Since Bitdefender and Norton no longer sell their security routers, there really aren’t any obvious rivals aimed at consumers – at least nothing that offers the features available in the Firewalla Purple with no ongoing subscription.
There’s no denying that the Firewalla Purple isn’t for everyone. It’s more user-friendly than, say, an enterprise firewall, and has a great app. But it is a complicated device with advanced features that even technophiles might find baffling.

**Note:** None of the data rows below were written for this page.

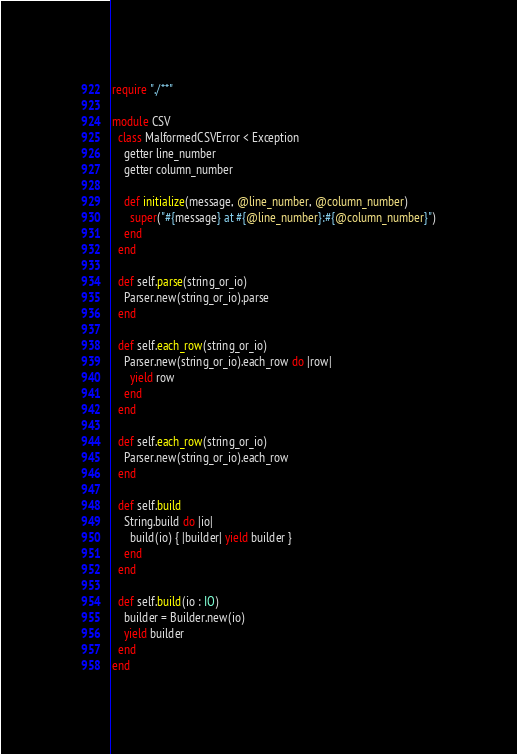<code> <loc_0><loc_0><loc_500><loc_500><_Crystal_>require "./**"

module CSV
  class MalformedCSVError < Exception
    getter line_number
    getter column_number

    def initialize(message, @line_number, @column_number)
      super("#{message} at #{@line_number}:#{@column_number}")
    end
  end

  def self.parse(string_or_io)
    Parser.new(string_or_io).parse
  end

  def self.each_row(string_or_io)
    Parser.new(string_or_io).each_row do |row|
      yield row
    end
  end

  def self.each_row(string_or_io)
    Parser.new(string_or_io).each_row
  end

  def self.build
    String.build do |io|
      build(io) { |builder| yield builder }
    end
  end

  def self.build(io : IO)
    builder = Builder.new(io)
    yield builder
  end
end
</code> 
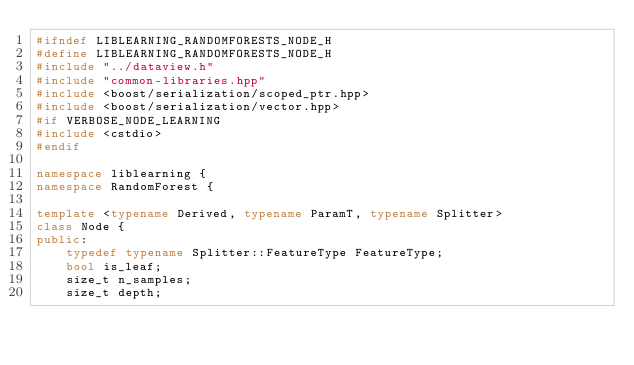<code> <loc_0><loc_0><loc_500><loc_500><_C++_>#ifndef LIBLEARNING_RANDOMFORESTS_NODE_H
#define LIBLEARNING_RANDOMFORESTS_NODE_H 
#include "../dataview.h"
#include "common-libraries.hpp"
#include <boost/serialization/scoped_ptr.hpp>
#include <boost/serialization/vector.hpp>
#if VERBOSE_NODE_LEARNING
#include <cstdio>
#endif

namespace liblearning {
namespace RandomForest {

template <typename Derived, typename ParamT, typename Splitter>
class Node {
public:
    typedef typename Splitter::FeatureType FeatureType;
    bool is_leaf;
    size_t n_samples;
    size_t depth;</code> 
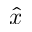<formula> <loc_0><loc_0><loc_500><loc_500>\hat { x }</formula> 
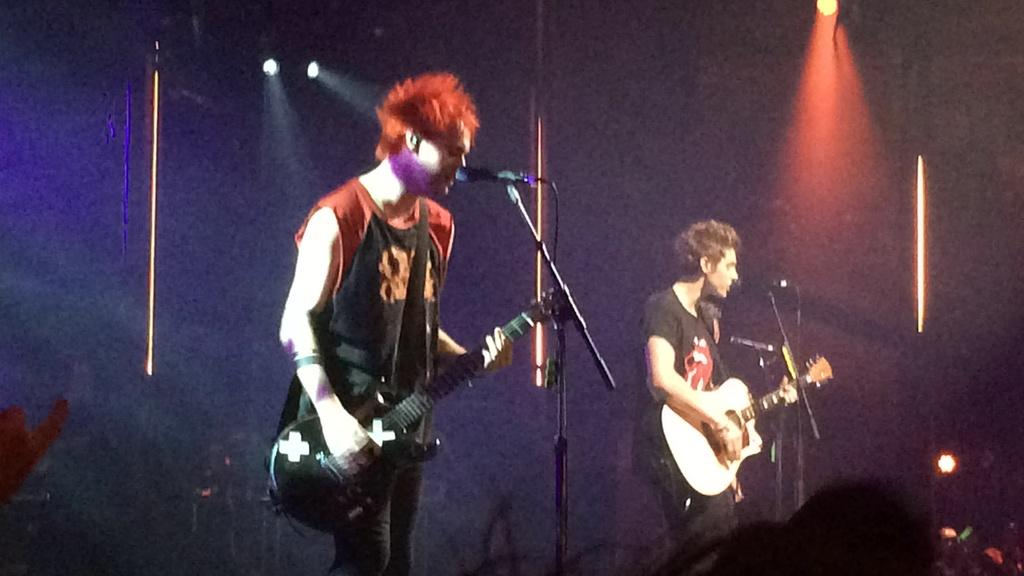How many people are playing the guitar in the image? There are two men in the image, and they are both playing the guitar. What are the men doing while playing the guitar? The men are singing through a microphone. Where is the microphone positioned in relation to the men? The microphone is in front of the men. What can be seen in front of the men? There is a crowd in front of the men. What is visible at the top of the image? There are lights visible at the top of the image. What type of pancake is being served to the beginner guitar player in the image? There is no pancake or beginner guitar player present in the image. How does the mine affect the performance of the men in the image? There is no mine mentioned or visible in the image, so it cannot affect the performance of the men. 
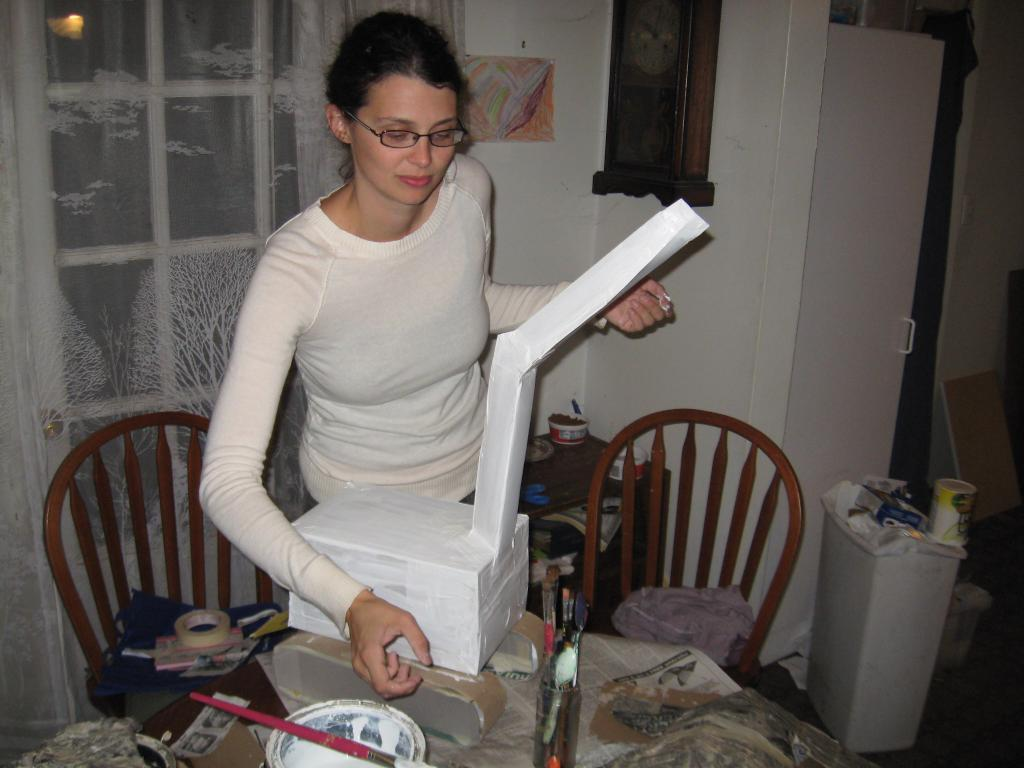What is the color of the wall in the image? The wall in the image is white. What can be seen on the wall in the image? There is a window on the wall in the image. Who is present in the image? There is a woman standing in the image. What type of furniture is visible in the image? There are chairs and tables in the image. What is placed on the table in the image? There is a box on the table in the image. What is the weight of the marble in the image? There is no marble present in the image, so it is not possible to determine its weight. 
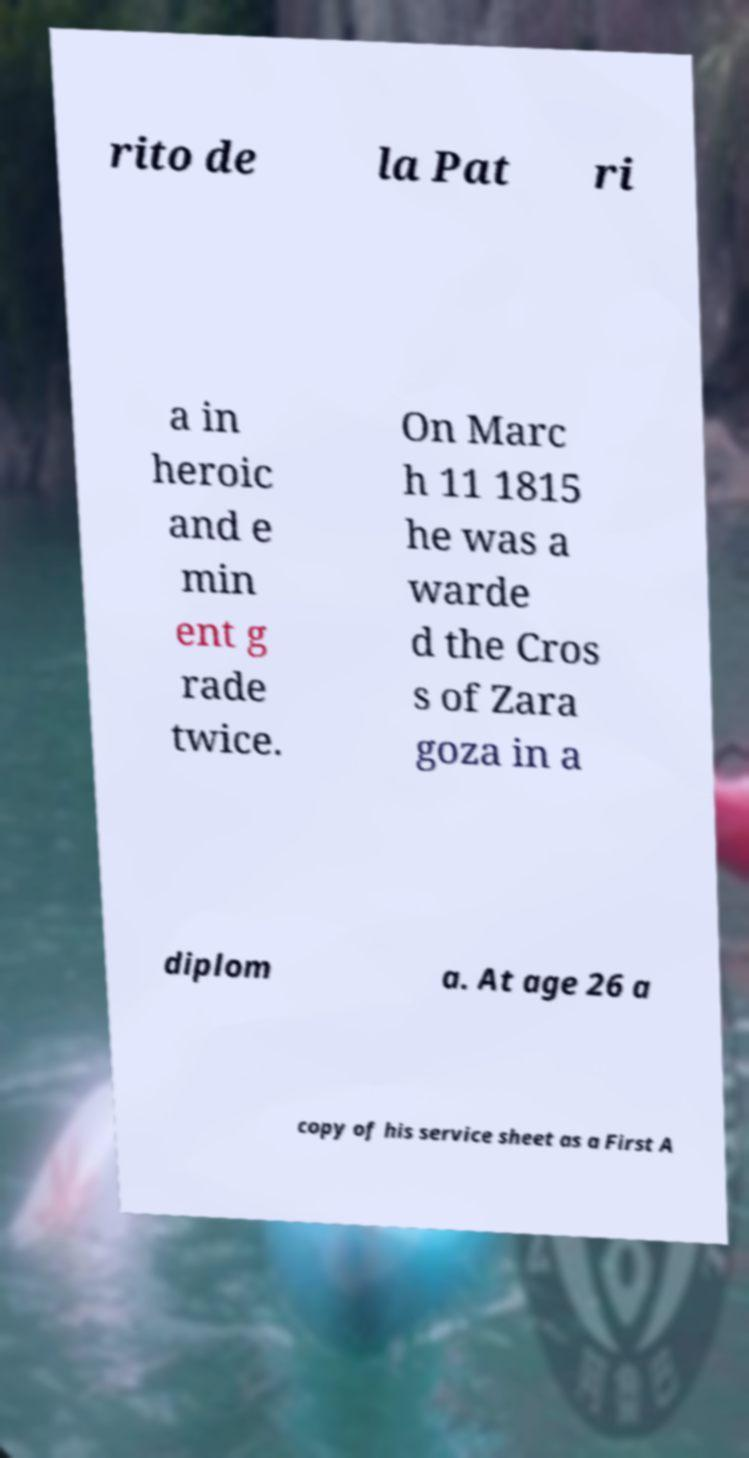Could you extract and type out the text from this image? rito de la Pat ri a in heroic and e min ent g rade twice. On Marc h 11 1815 he was a warde d the Cros s of Zara goza in a diplom a. At age 26 a copy of his service sheet as a First A 
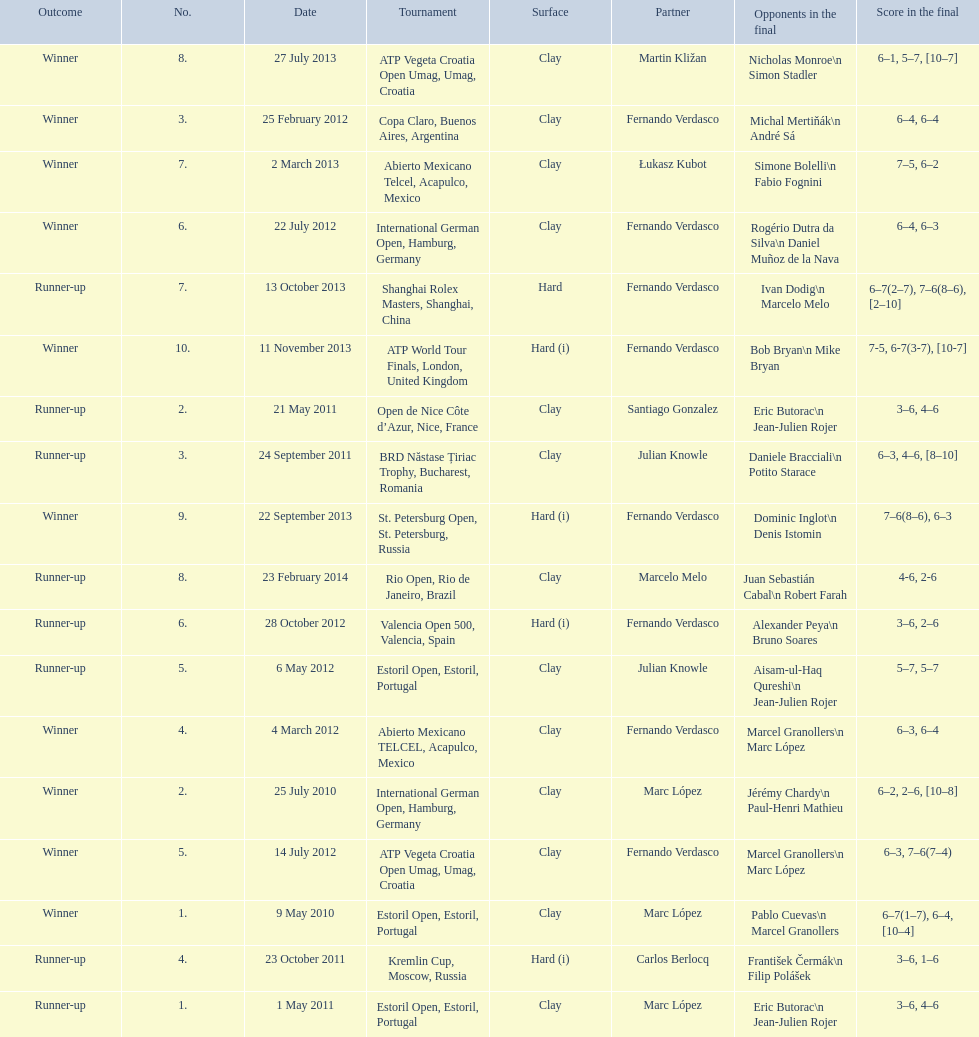How many runner-ups at most are listed? 8. 
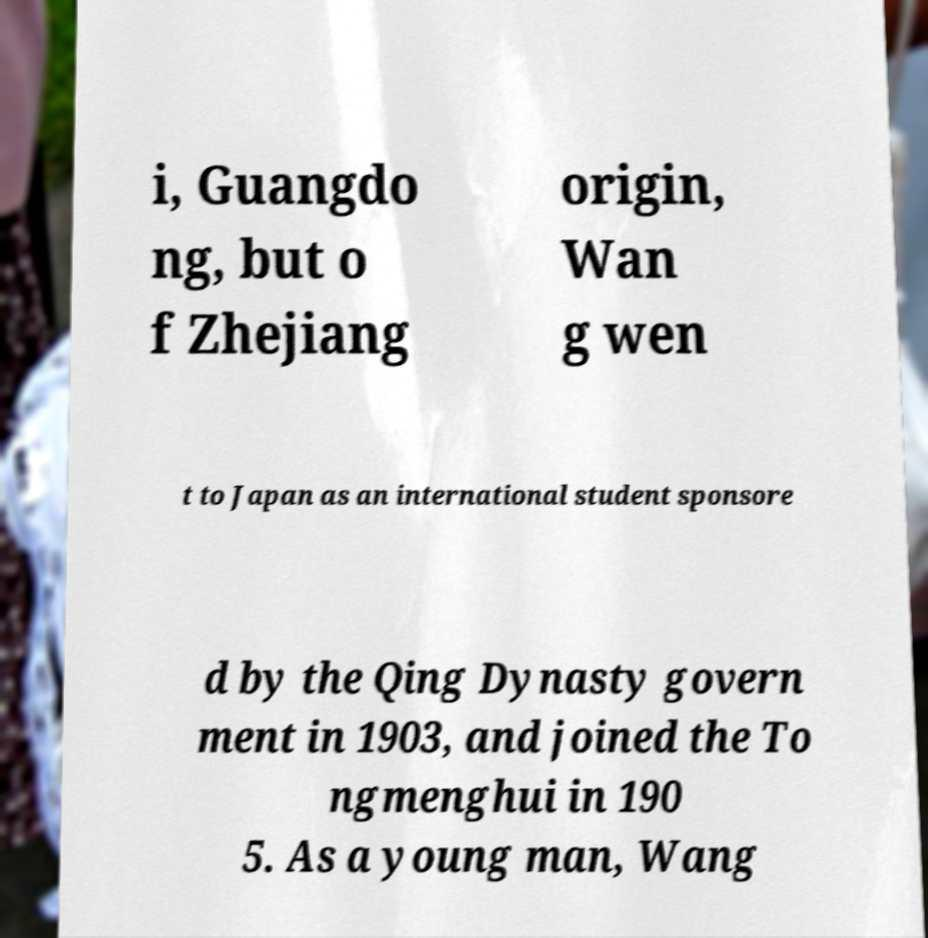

If you’re only going to use a fraction of what the Purple is capable of doing, then it’s hard to recommend spending the money: a decent mesh Wi-Fi system should have a good few of the Purple’s features, and some even package them into an even friendlier app (Eero’s comes to mind).
The beauty here is that there’s so much more power on offer if you’re prepared to, for example, learn to set up VLANs so only certain devices can talk to each other, or the internet.
Plus, unlike Eero and others, Firewalla doesn’t demand you pay a subscription to use its features: you pay handsomely for the device, but it’s then yours to use and keep.
Ultimately, if you want visibility into what’s happening on your network, you want the sort of control over your devices (or your kids’ devices) that ordinary routers simply don’t give you and you want the extra protection that the Purple provides from malware and hackers (and ad blocking, too) it’s easy to recommend. Let’s just hope it becomes more widely available so it’s better value outside the US.